Die Überlegenheit hat System: Der MDAX ist die Heimat des deutschen Mittelstands. Der Jahresumsatz der meisten Unternehmen dort liegt im einstelligen Milliardenbereich oder niedriger. In diesen Dimensionen ist es meist leichter, hohe Wachstumsraten zu erzielen, als bei den Riesen aus dem DAX.

Die stärkere Fokussierung der Nebenwerte birgt aber auch Risiken. Verpasst ein Mittelständler einen Trend oder wird er von einem neuen Konkurrenten bedrängt, können die Folgen erheblich sein. Auch Konjunkturkrisen hinterlassen tiefe Spuren. Während der großen Finanzkrise der Jahre 2008/09 geriet der MDAX deutlich stärker unter Druck als der DAX. Der langfristige Trend an den Aktienmärkten aber geht nach oben, allein weil die Weltwirtschaft wächst.

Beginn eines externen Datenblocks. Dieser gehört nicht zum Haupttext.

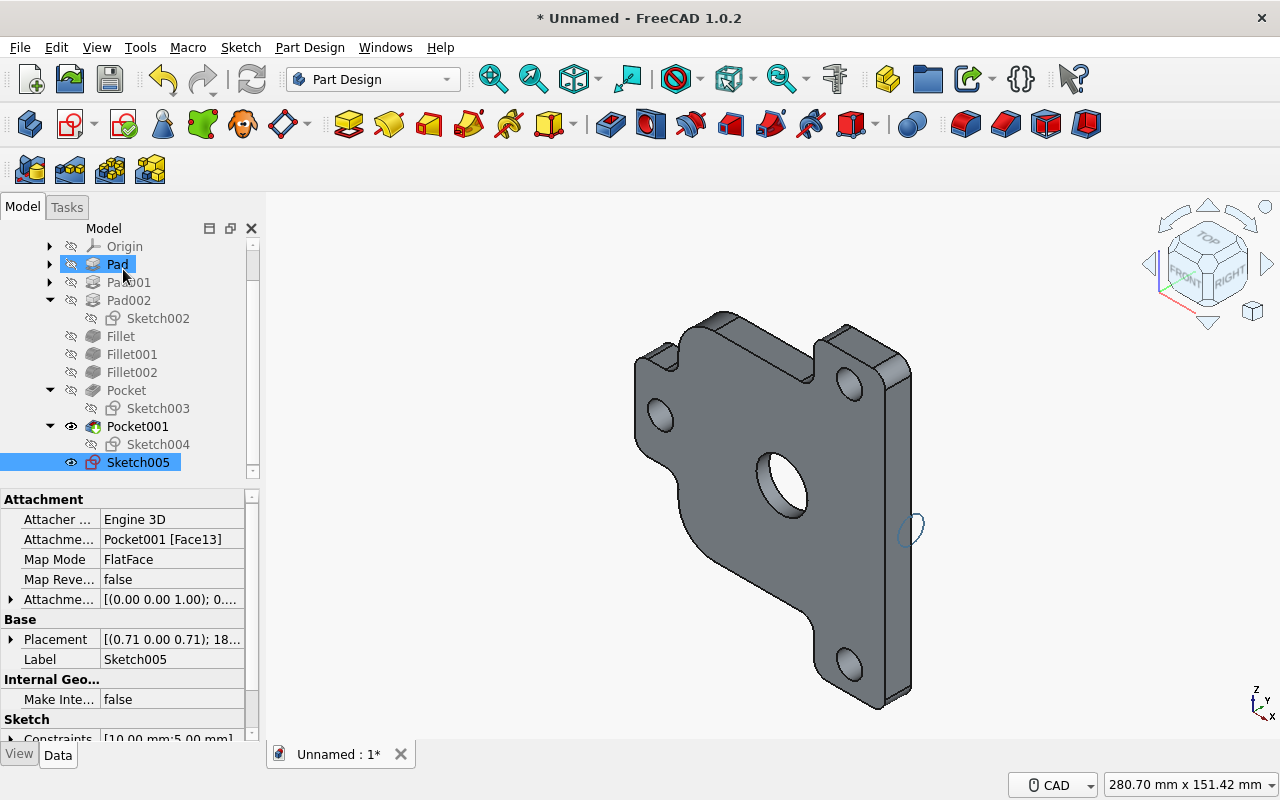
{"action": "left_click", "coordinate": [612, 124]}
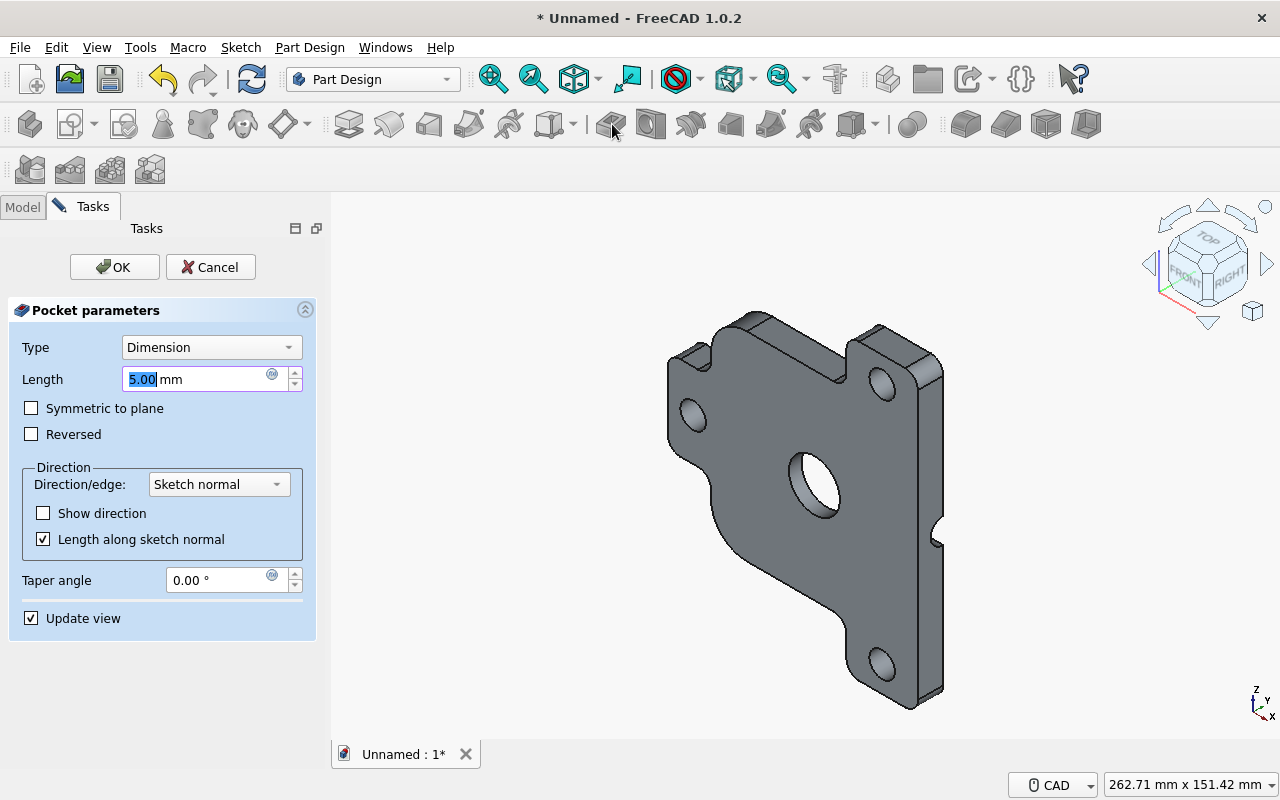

Krisen haben den positiven Neben­effekt, dass schwache Unternehmen aussortiert werden. Von dieser Auslese profitiert der MDAX besonders: Von ­unten drängen immer wieder aufstrebende kleinere Unternehmen nach. Auch durch Börsengänge wird der Index immer wieder aufgefrischt. Jene Unternehmen, die im MDAX so groß geworden sind, dass sie in den DAX aufsteigen, sind meist kein Verlust, da sie einen ­erheblichen Teil ihres Kurspotenzials bereits ausgeschöpft haben. Zuletzt schaffte MTU Aero Engines im September den Sprung. Im MDAX hatte die Aktie zuvor innerhalb von drei Jahren um 175 Prozent zugelegt. Im neuen Index pendelt der Kurs seitwärts.

Techs bringen Schwung


Positiv bemerkbar macht sich die Neustrukturierung aus dem Herbst vergangenen Jahres. Der MDAX wurde um zehn Werte auf 60 erweitert und für Techfirmen geöffnet. Schaut man sich die Gewinner der vergangenen zwölf Monate an, findet man unter den besten fünf Aktien vier Techs. Auf lange Sicht dürfte der MDAX in neuer Struktur volatiler werden, aber ein größeres Kurs­potenzial haben.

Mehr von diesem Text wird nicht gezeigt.